Network Segmentation and Specialized Functions
An in-depth analysis of Qwins Ltd’s network infrastructure reveals a sophisticated segmentation designed to maximize the effectiveness of cyber attacks while minimizing detection. The primary malicious activities are concentrated across four distinct network segments, each serving specialized functions:
1. 93.123.39.0/24 Segment: This segment functions as the primary command center for Distributed Denial-of-Service (DDoS) attacks and botnet operations. It hosts 39 malicious IP addresses distributing over 120 different malware payloads. Communication primarily occurs through port 666, facilitating large-scale DDoS attacks and maintaining persistent access to compromised systems.
2. 141.98.6.0/24 Segment: Serving as the hub for information-stealing malware, this segment hosts 15 flagged IP addresses associated with approximately 45 malware samples. It specializes in deploying infostealers like Amadey, Lumma, and Vidar, targeting sensitive user credentials and financial information. Notably, IP address 141.98.6.34 has been particularly active, hosting phishing sites and serving as a communication endpoint for multiple malware families.
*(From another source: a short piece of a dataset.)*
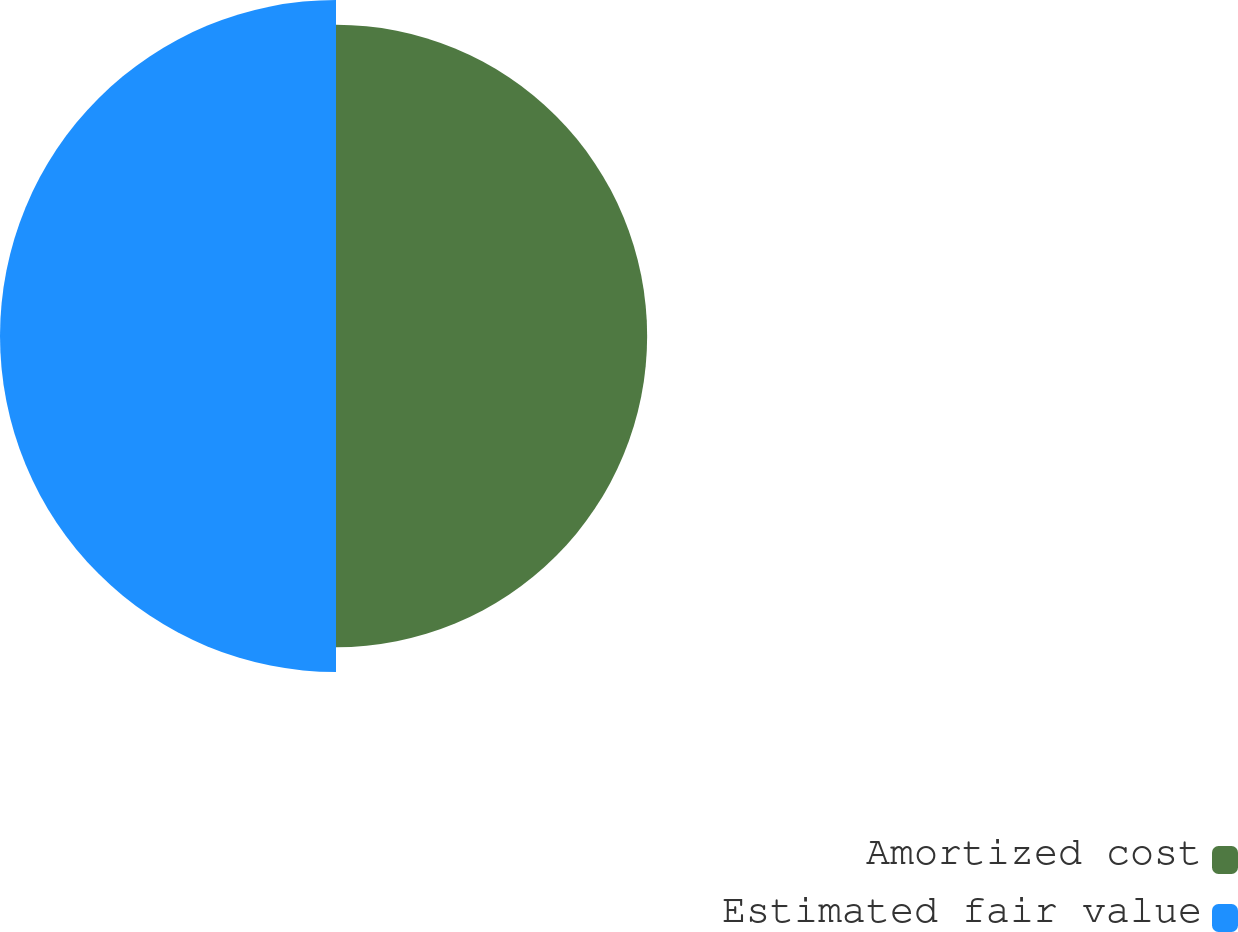Convert chart. <chart><loc_0><loc_0><loc_500><loc_500><pie_chart><fcel>Amortized cost<fcel>Estimated fair value<nl><fcel>48.08%<fcel>51.92%<nl></chart>

3. 95.164.53.0/24 Segment: This network functions as the initial infection vector, distributing document-based droppers, including malicious PDF, DOC, and ZIP files. These payloads serve as entry points for infection chains, subsequently directing victims to download additional malware components from other network segments.
4. 77.105.164.0/24 Segment: Completing the infrastructure, this segment provides command-and-control services, configuration hosting, and data exfiltration capabilities. It ensures persistent communication between infected systems and the threat actor’s infrastructure.
The Broader Implications of Bulletproof Hosting
The case of Qwins Ltd underscores the critical role that bulletproof hosting providers play in the cybercrime ecosystem. By offering resilient and anonymous hosting services, these providers enable cybercriminals to conduct operations with impunity. The distributed nature of their infrastructure, spanning multiple jurisdictions, complicates efforts by law enforcement agencies to dismantle their operations.
Law Enforcement Actions Against Bulletproof Hosts
Recognizing the threat posed by bulletproof hosting providers, law enforcement agencies worldwide have intensified efforts to disrupt their operations. For instance, in February 2025, Dutch police dismantled a bulletproof hosting provider named ZServers/XHost, seizing 127 servers used to facilitate cybercriminal activities. Similarly, in August 2023, European and U.S. authorities dismantled Lolek Hosted, arresting five administrators and seizing hundreds of servers containing terabytes of data. These actions highlight the ongoing global efforts to combat the infrastructure supporting cybercrime.
The Need for Vigilance and Proactive Measures
The emergence of entities like Qwins Ltd highlights the necessity for continuous vigilance and proactive measures in the fight against cybercrime. Organizations must implement robust cybersecurity protocols, including regular network monitoring, threat intelligence sharing, and collaboration with law enforcement agencies. By identifying and mitigating threats associated with bulletproof hosting providers, the cybersecurity community can disrupt the infrastructure that underpins many cybercriminal operations.
Conclusion
Qwins Ltd exemplifies the challenges posed by bulletproof hosting providers in the modern cyber threat landscape. By offering services that prioritize anonymity and resilience against takedown attempts, these providers become linchpins in the execution of global malware campaigns. Addressing this issue requires a concerted effort from cybersecurity professionals, law enforcement agencies, and policymakers to dismantle the infrastructure that enables cybercriminals to operate with relative impunity.